Editor’s note: WRAL TechWire contributing writer Jen McFarland has  20+ years working in IT with experiences across a range of tools and technologies. She wants to help small businesses and teams design, improve, and maintain the technology that helps them succeed. In 2022, she incorporated Marit Digital.


RALEIGH — In 2022 nearly 89 million people scanned a QR code from their mobile device. That number is expected to top 95 million in 2023 and keep rising. QR codes, the boxy black-and-white barcodes that can store information, are a popular method of marketing.

Use of the codes has boomed in recent years as more retailers and restaurants have tried to share information without sharing COVID germs. And with the increased popularity, tech companies have embraced improved experiences for QR code scanning.

The emerging downside, however, is the up-and-coming phenomenon known as “quishing.”

QR Codes, iPhones & you: Next iOS release will make scanning easier

What is quishing?

The new term is a mash-up of “QR code” (which stands for “quick response code”) and “phishing”, where bad actors attempt to “fish” for a user’s personal information or passwords. These QR codes direct people to websites for similar goals, attempting to lure users into a fake login and collect IDs and passwords. Alternately they might facilitate a malware download to your device, compromising it.

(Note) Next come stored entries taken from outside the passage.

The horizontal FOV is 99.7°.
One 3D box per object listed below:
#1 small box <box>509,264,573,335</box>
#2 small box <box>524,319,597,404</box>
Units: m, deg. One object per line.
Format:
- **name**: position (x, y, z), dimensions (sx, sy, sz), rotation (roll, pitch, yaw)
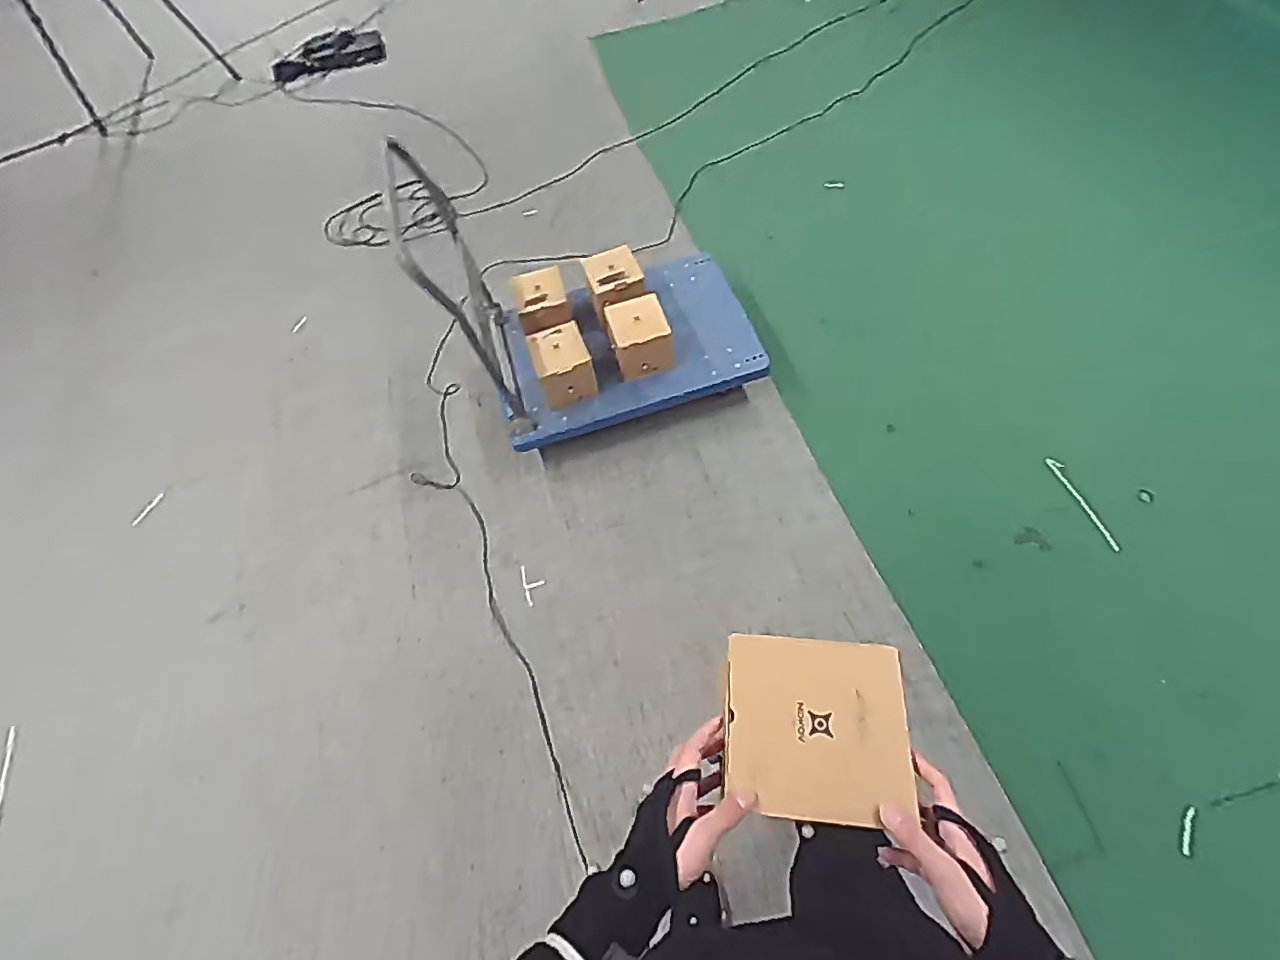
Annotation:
- **small box**: position (-0.321, -0.576, 1.795), dimensions (0.168, 0.176, 0.179), rotation (-16, 62, -3)
- **small box**: position (-0.241, -0.357, 1.673), dimensions (0.168, 0.176, 0.179), rotation (-20, 63, -4)

These attacks are on the rise – understandably since the concept is an attractive one for hackers. We’re used to looking out for phishing attacks but QR codes are a new vector many potential victims are unaware of. Adding to the benefits is the fact that there’s very little effort required to make the QR code. They’re quick to generate and look legit without extra effort.

QR codes are incredibly easy to come by, with a multitude of websites dedicated to their creation for free. And while it’s possible to dress up your QR code with a logo, colors, or even shapes, the vast majority remain unbranded.

Then there’s the delivery. A QR code might land in your inbox and raise suspicion alongside a poorly written email, but more often these codes will pop up in the real world. QR code usage is more fluid, often part of processes like ticketing systems, contactless payment options, or 2-factor authentication. That also means dealing with real-world distractions that may stop you from second-guessing whether clicking on this page or entering your info is a good idea.

California resorts to QR codes in fight against illicit cannabis sales

Good habits help

Aside from not scanning QR codes anymore, what can you do?

The first step is one you’ve probably taken by reading this article, and that is having a healthy dose of skepticism. If the QR code is printed in your restaurant menu, it’s probably ok. If it’s a sticker on the side of a telephone pole without context, maybe think twice.

Some other tips to keep you safe:

  • Look for visual cues that the QR “belongs” to a specific company with some kind of branding element, but be aware that this too can be faked.
  • Depending on your device, the screen may pop up a preview of the URL you’re about to open. Double-check to make sure it’s the domain you expect, if possible.
  • Keep your devices up-to-date. Newer software is coming out with tools that can block fraudulent links.

And if all else fails, always make sure you’re keeping your accounts secure with 2-factor authentication or other security measures. These will help keep your accounts secure, even if your password is compromised.